Luoghi così, dove gli animali vivono senza entrare in contatto con gli uomini, oppure dove gli uomini prestano il loro servizio senza intralciarli, senza domarli, senza violentare i loro istinti, esistono e si chiamano Santuari e noi siamo andati personalmente a visitarli. Il mondo ne è pieno ed è lì che conviene andare se si vuole incontrare animali ancora nel pieno delle loro funzioni fisiche e psichiche e non certo sotto un tendone a strisce in una qualunque periferia di città.
Caro Lele Mora, il circo non ama gli animali. Lì ci sono animali comprati e addestrati per farli esibire, forzandoli a movimenti, gesti, situazioni e performance che non gli sono naturali né congeniali, altrimenti non farebbero spettacolo. Animali umiliati, forzati con la frusta o con la ricompensa in cibo ad eseguire esercizi che li ridicolizzano. Per anni ci sono stati circhi che ne hanno abusato, mascherandoli, truccandoli, anestetizzandoli e traumatizzandoli in nome dell’intrattenimento.
Caro Lele Mora il circo non è proprio il luogo dove gli animali si amano di più.
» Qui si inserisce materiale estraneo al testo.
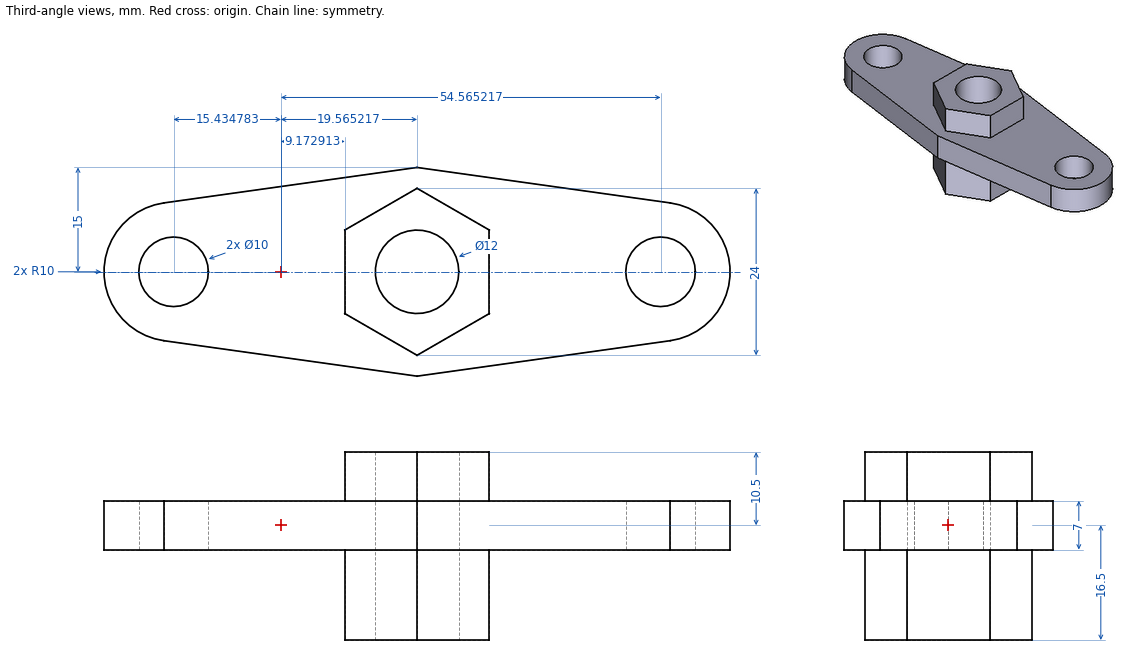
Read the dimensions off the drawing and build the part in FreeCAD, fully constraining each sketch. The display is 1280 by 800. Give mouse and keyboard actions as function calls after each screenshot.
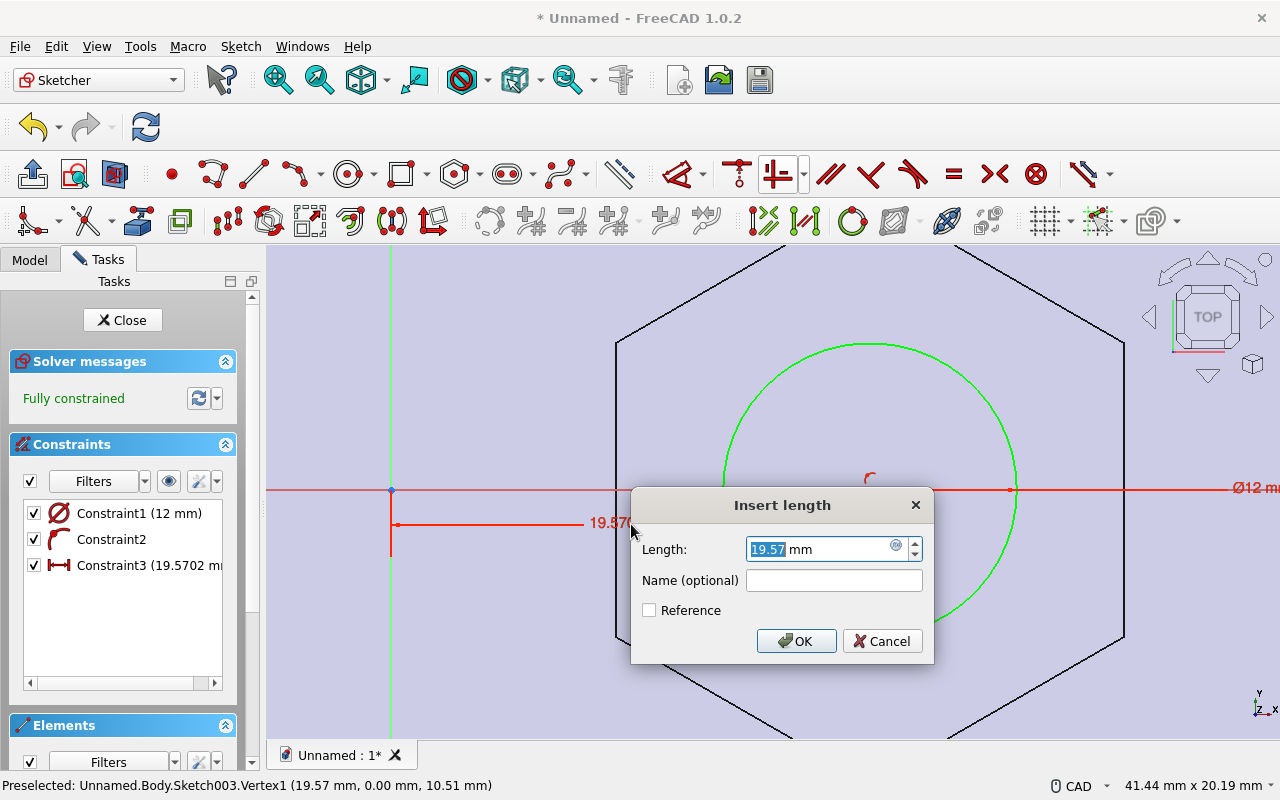
text(19.565217)
key(Return)
key(Escape)

Semmai è il contrario, come hanno ben capito il 71% degli italiani che, secondo il rapporto Eurispes 2016, sono fermamente contrari all’uso degli animali negli spettacoli circensi. Pensa che addirittura c'è già chi non si limita ad immaginarlo un circo senza animali vivi in esibizioni ridicole, ma lo fa proprio: è il Circo Roncalli, che invece di elefanti e tigri in carne e ossa usa i loro ologrammi. Con grande successo, visto che ci riempiono gli spettacoli di spettatori.
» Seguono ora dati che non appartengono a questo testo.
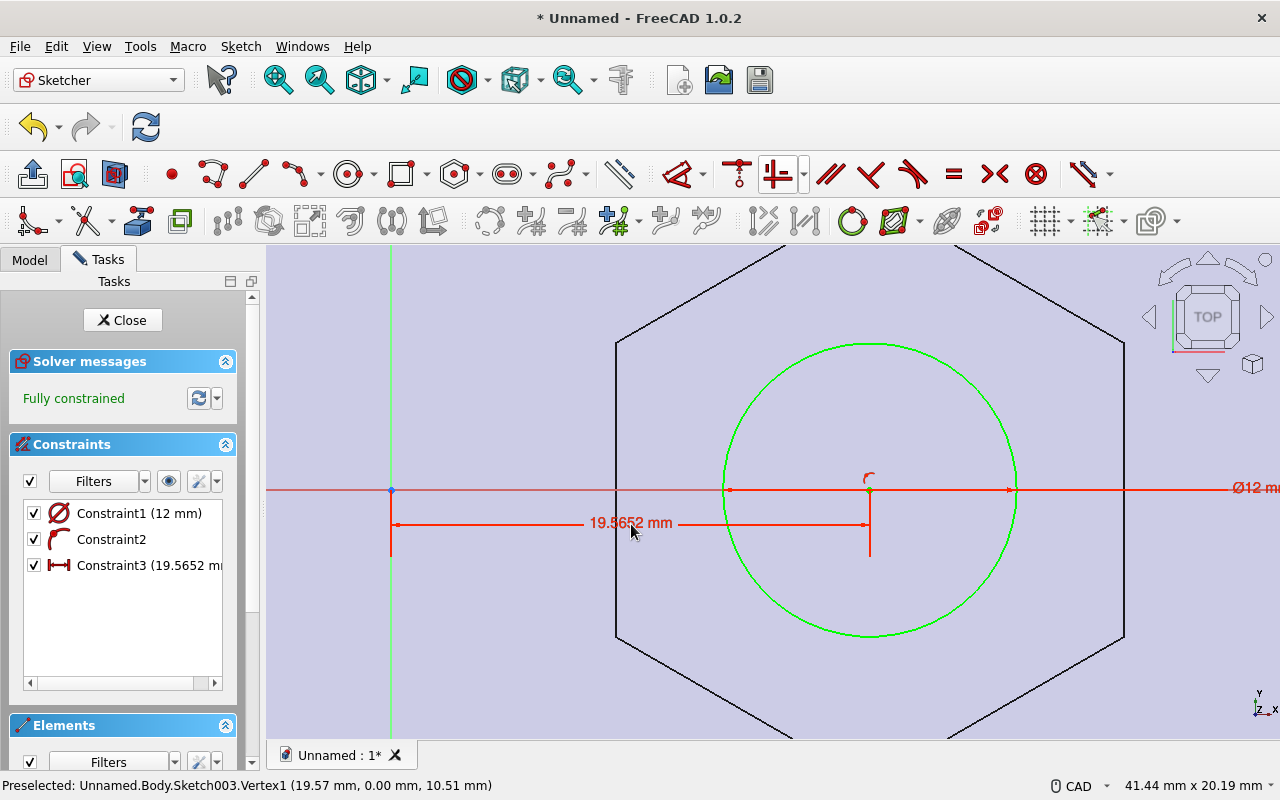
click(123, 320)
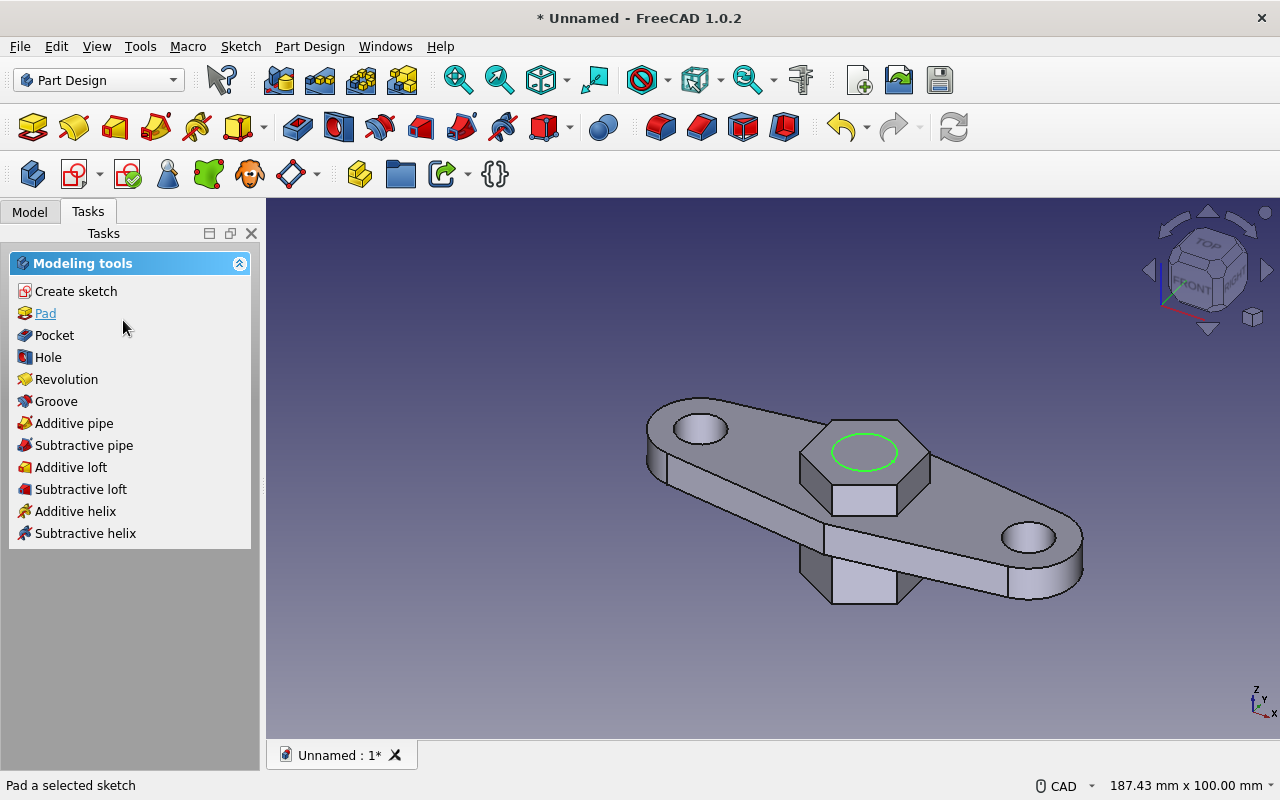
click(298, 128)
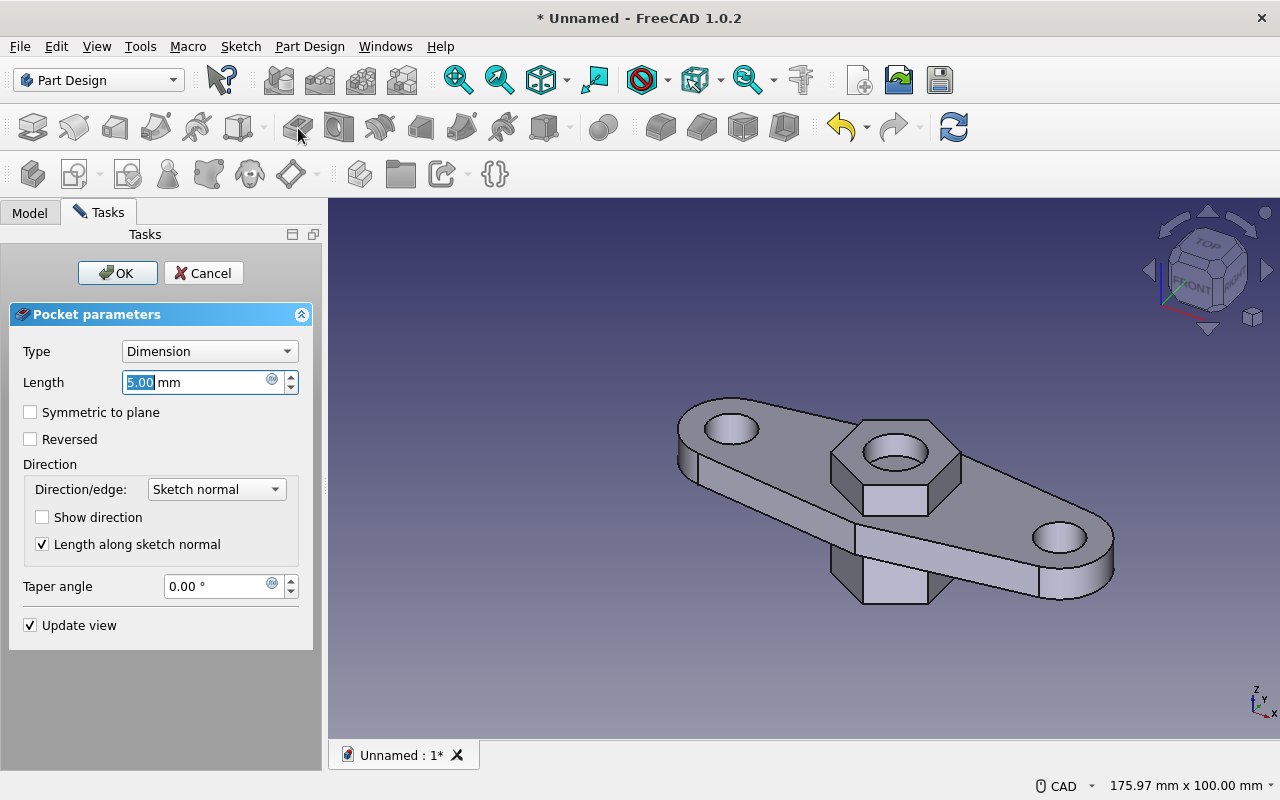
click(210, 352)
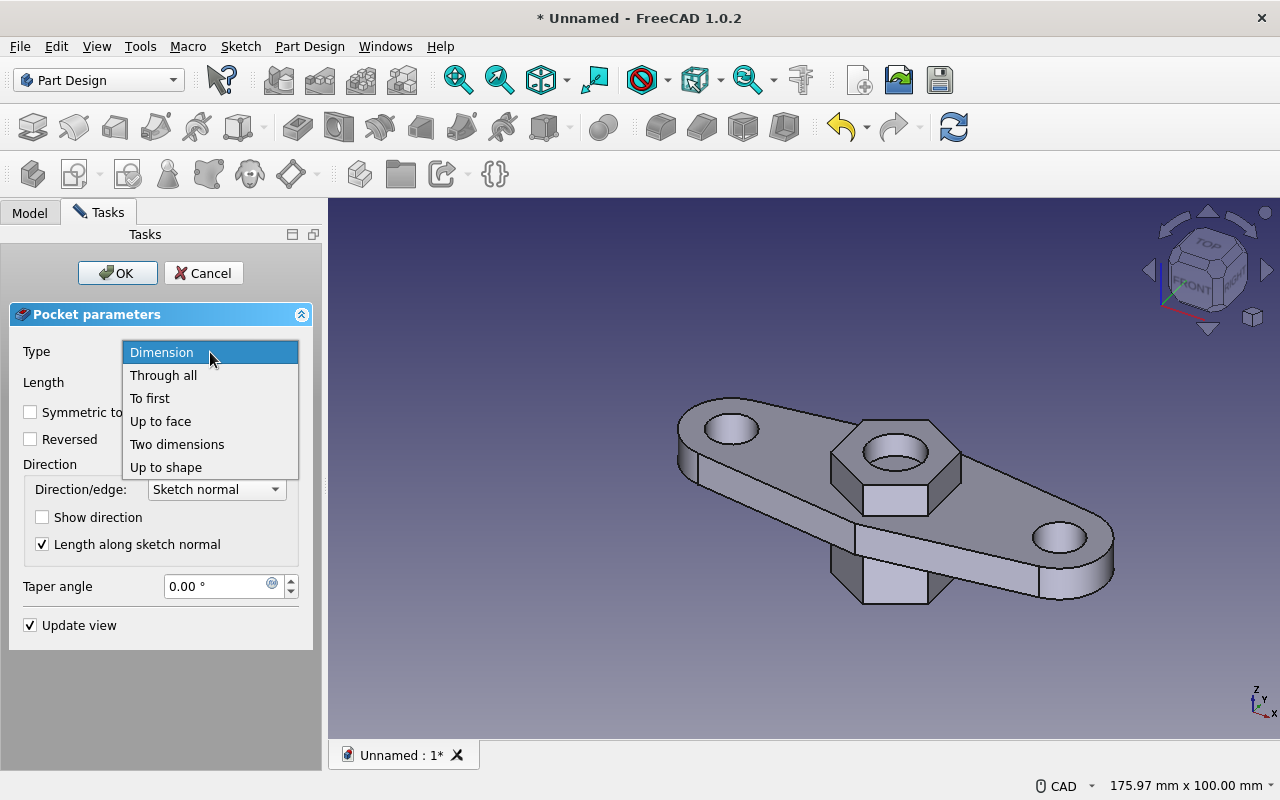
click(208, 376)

Stereotipi e antropocentrismo: il mix dell'improbabile mescolato al falso
«Se fai sentire alle tigri che tu non hai paura, loro non ti fanno nulla»: sbagliato anche questo. Questo psicologismo di bassa lega, basato su una anacronistica e incresciosa concezione antropocentrica del mondo, dimostra se non ce ne fosse stato bisogno che con gli animali Lele Mora ha avuto poco a che fare, probabilmente niente. L’addestramento degli animali in un circo prevede un unico metodo: la coercizione, anche violenta. Cosa pensa Mora, che un cucciolo di orso impari a stare su due zampe per ballare, a suon di carezze? Eh no, ci sono altre verità dietro quelle scene: una tigre salta nel fuoco perché conosce il dolore della frustata, l’elefante si violenta ad alzarsi sulle zampe posteriori poggiando quelle anteriori sulla schiena del suo simile in un osceno trenino soltanto perché sa bene quanto è acuminato il bastone con la punta di ferro ripiegata ad uncino. Anche i delfini e le orche saltano in aria e ricadono nell’acqua di una piscina, che è la metà di una di quelle dove proprio Lele Mora si faceva fotografare quando era all’apice della “carriera”, soltanto perché alla fine dell’esibizione riceveranno un pescetto surgelato. Non perché sentono che l’uomo che hanno di fronte «non ha paura» di loro.